14. Stimulation of the convolution behind the crucial fissure causes contraction of the muscles of the perineum.

15. Stimulation of the convolution in front of the crucial fissure, on its anterior and sloping portion, causes movements of the pharynx and larynx (swallowing).

16. Stimulation of motor areas of the cortex, by scraping, irritation, or disease tends to produce spasmodic contractions of certain groups of muscles (Jacksonian Epilepsy). Strong stimulation may cause general epileptiform spasms, which are at first tonic, then clonic. One such seizure strongly predisposes to a second. If, during an attack, the cortical centres presiding over a special group of muscles were sliced off, such muscles relaxed, though the general spasms in the other muscles continued.

Localizations of Spinal Lesions.

Being at once a conductor between the brain and nerves, and a reflex nerve centre, we must consider both rôles in seeking to locate lesions from symptoms. In passing from the nerves to and from the sensorium both sensory and motor currents cross so that one side of the brain presides over the other side of trunk and limbs. This crossing of the motor fibres takes place in the medulla oblongata, while that of the sensory fibres occurs in the spinal cord close in front of the nerve from which they have entered.

Cross-Section of one lateral half of the spinal cord therefore causes motor paralysis and rise of temperature of the whole of that side of the body posterior to the lesion, while it induces sensory paralysis and cooling on the opposite side of the body up to the same point. A very limited sensory paralysis on the same side occurs corresponding to the few sensory fibres passing outward obliquely through the portion injured by the cross-section.

A vertical section of the cord separating the one lateral half from the other does not necessarily affect the motor currents, while it produces a limited anæsthesia on each side in the area of distribution of the nerves, the sensory fibres of which crossed in the seat of the lesion.

Transverse section of the superior columns causes hyperæsthesia and lack of coördination.

Transverse section of inferior columns, or of the inferior horn of gray matter, if close behind the medulla, causes no motor paralysis, but if farther back induces motor paralysis on the same side of the body.

Transverse section of the cervical lateral columns causes motor paralysis of the lateral walls of the chest (respiratory tract). If the section is made in the dorsal or lumbar region it is the same as lesion of the superior columns.

Among reflex centres in the cord the following may be named:

The Respiratory Tract in the cervical lateral columns just referred to.

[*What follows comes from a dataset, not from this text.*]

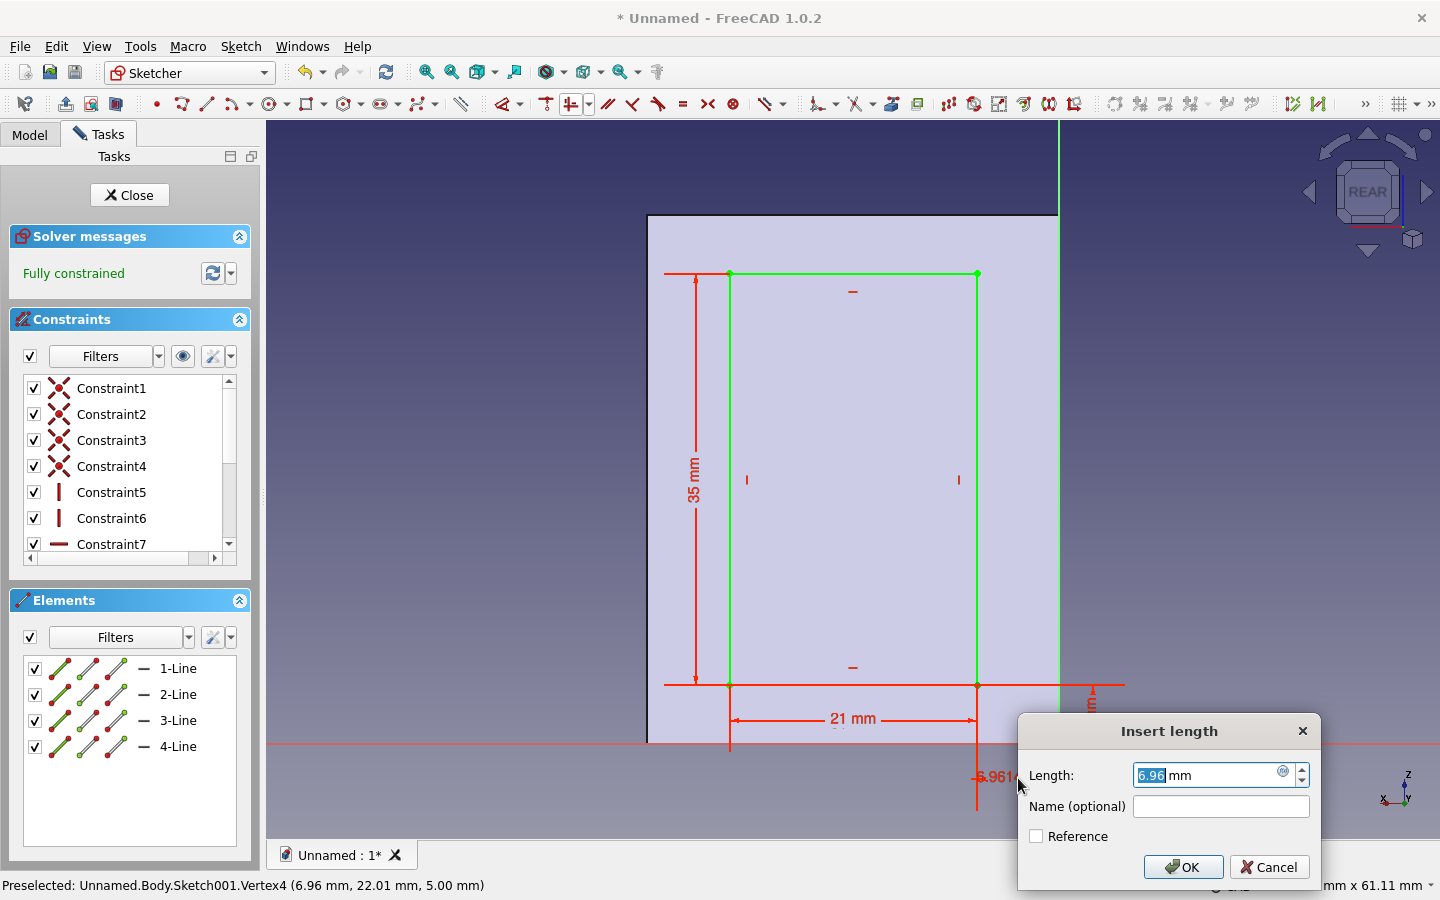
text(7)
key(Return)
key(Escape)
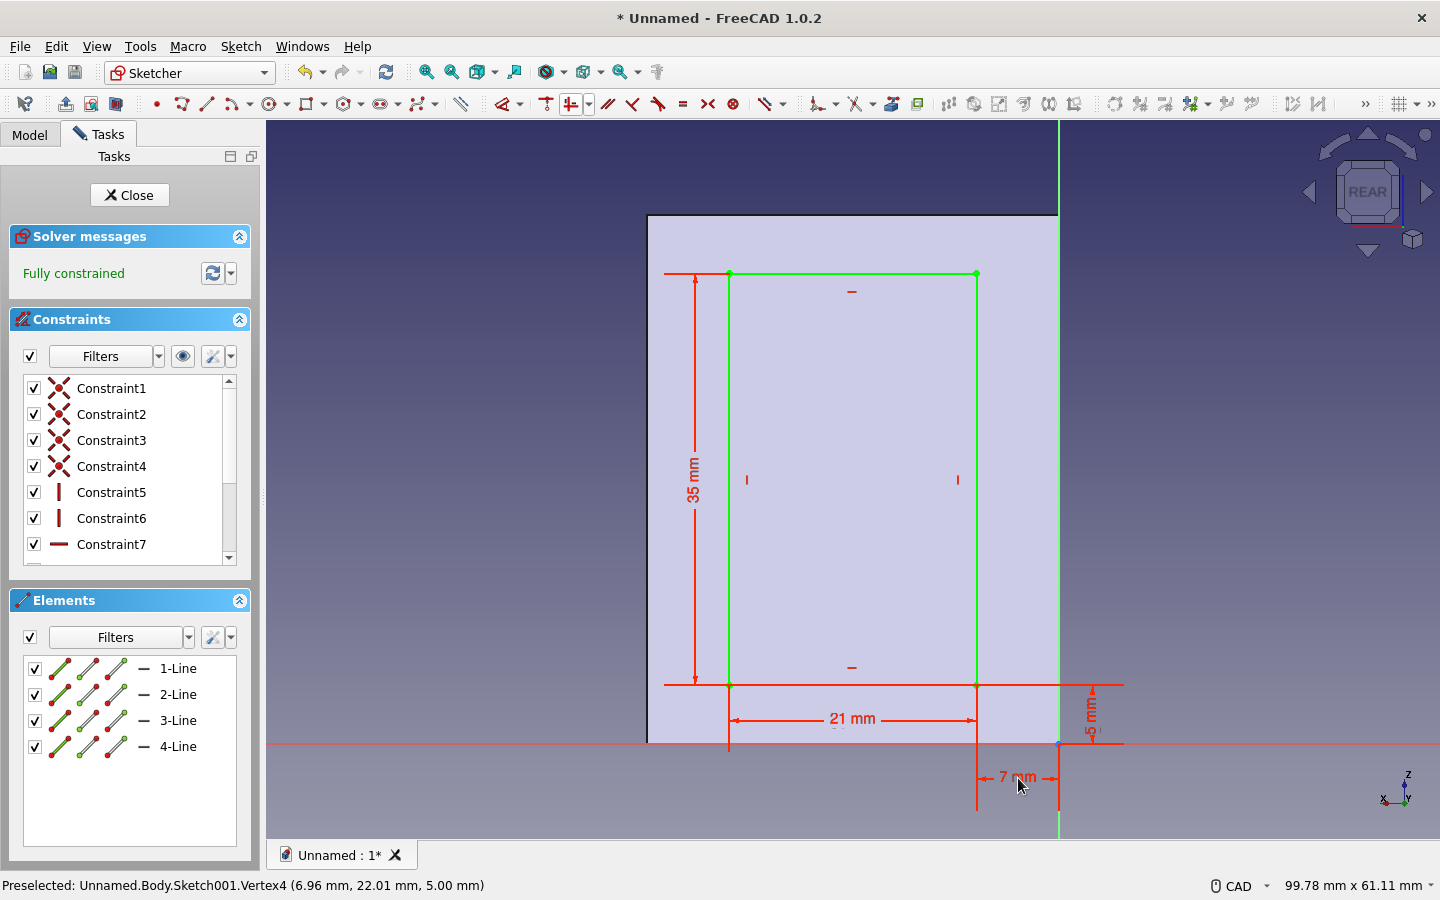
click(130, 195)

A Glycogenic Centre in the anterior cervical section between the bulb and the fourth cervical nerve.

Centres which Dilate the Pupil between the fifth cervical and the sixth dorsal nerve.

Cardiac Accelerator Centres between the three last cervical and the five first dorsal nerves.

Vaso-Motor Sudoriparous Centres in the central gray matter.

Centre for Anal Sphincter between the sixth and seventh dorsal nerves.

Centre for Vesical Sphincter between the third and fifth lumbar nerves.

Genital Centre, opposite the first lumbar nerve.

Vaso-motor and Trophic Centres are found in the inferior horns of gray matter, and their degeneration causes progressive muscular atrophy.

The Muscular Sense Tract is located near the surface of the superior columns, so that a certain amount of incoördination and unsteadiness of progression follows its destruction.

The Deeper Part of the Superior Columns and the Column of Goll which bounds the superior median fissure control muscular sense and coördination, and their disease (posterior lateral sclerosis) entails locomotor ataxy.